Dataset records:
┄┄┄┄┄┄

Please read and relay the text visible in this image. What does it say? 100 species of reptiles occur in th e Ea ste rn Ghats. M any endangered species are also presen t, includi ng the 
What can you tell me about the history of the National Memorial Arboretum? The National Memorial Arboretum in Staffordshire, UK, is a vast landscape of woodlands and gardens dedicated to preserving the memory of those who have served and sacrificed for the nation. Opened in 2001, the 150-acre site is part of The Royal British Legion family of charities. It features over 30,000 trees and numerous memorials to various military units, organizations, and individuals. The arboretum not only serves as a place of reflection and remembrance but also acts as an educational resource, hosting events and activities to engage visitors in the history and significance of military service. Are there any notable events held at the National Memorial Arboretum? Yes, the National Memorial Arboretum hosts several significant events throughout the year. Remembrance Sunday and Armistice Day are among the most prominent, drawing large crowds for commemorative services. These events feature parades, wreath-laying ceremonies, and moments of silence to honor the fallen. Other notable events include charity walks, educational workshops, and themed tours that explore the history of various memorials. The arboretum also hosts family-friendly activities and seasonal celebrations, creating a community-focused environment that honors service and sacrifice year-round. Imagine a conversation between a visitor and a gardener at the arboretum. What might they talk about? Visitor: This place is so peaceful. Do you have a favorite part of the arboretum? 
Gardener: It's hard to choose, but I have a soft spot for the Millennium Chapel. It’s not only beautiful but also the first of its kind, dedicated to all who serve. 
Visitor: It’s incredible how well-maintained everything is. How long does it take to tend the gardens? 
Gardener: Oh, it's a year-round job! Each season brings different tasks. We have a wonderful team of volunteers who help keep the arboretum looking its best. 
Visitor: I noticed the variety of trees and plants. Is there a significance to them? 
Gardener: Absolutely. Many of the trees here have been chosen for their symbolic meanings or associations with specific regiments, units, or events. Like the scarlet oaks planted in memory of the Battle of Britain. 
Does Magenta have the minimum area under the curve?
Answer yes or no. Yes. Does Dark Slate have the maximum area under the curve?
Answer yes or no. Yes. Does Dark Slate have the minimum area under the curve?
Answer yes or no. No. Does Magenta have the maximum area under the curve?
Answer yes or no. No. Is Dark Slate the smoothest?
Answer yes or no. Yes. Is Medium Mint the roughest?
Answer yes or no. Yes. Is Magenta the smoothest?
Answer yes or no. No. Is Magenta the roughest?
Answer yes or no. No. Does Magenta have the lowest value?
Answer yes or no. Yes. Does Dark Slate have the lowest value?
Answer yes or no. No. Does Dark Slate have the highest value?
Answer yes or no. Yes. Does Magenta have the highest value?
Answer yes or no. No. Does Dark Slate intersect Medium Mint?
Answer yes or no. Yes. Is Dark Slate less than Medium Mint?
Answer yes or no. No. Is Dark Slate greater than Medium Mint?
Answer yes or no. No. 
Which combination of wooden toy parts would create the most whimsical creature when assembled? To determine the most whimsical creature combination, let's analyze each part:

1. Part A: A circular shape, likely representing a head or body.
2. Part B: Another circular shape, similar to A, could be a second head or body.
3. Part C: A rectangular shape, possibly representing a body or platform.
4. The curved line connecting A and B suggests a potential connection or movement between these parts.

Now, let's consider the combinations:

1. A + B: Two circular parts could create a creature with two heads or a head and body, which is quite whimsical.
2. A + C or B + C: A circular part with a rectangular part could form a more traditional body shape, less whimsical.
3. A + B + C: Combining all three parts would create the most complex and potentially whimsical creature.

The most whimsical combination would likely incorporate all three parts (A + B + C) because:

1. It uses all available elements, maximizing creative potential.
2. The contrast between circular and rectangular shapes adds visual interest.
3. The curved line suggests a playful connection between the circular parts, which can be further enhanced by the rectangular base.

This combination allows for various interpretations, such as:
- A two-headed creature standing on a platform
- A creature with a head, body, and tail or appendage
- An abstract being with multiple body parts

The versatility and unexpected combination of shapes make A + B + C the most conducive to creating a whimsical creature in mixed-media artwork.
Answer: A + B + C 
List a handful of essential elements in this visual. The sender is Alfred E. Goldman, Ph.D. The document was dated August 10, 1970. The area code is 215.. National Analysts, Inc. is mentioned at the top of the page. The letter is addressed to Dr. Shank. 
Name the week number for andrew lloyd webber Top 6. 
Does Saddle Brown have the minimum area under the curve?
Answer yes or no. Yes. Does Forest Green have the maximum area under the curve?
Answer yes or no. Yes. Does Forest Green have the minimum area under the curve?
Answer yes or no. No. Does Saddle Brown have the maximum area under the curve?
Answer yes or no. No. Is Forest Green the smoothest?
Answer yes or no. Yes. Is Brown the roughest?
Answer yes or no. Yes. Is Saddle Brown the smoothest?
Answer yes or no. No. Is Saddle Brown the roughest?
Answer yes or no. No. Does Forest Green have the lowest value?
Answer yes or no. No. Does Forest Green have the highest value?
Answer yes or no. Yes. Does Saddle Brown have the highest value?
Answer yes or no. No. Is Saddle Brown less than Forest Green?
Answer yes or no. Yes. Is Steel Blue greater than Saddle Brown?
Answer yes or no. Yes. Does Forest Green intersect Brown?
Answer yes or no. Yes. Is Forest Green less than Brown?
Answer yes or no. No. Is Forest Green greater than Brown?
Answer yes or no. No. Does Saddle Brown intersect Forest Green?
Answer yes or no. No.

┄┄┄┄┄┄

[Problem requirements] The required output is every line above that contains the string "representing".

[Your response]
1. Part A: A circular shape, likely representing a head or body.
3. Part C: A rectangular shape, possibly representing a body or platform.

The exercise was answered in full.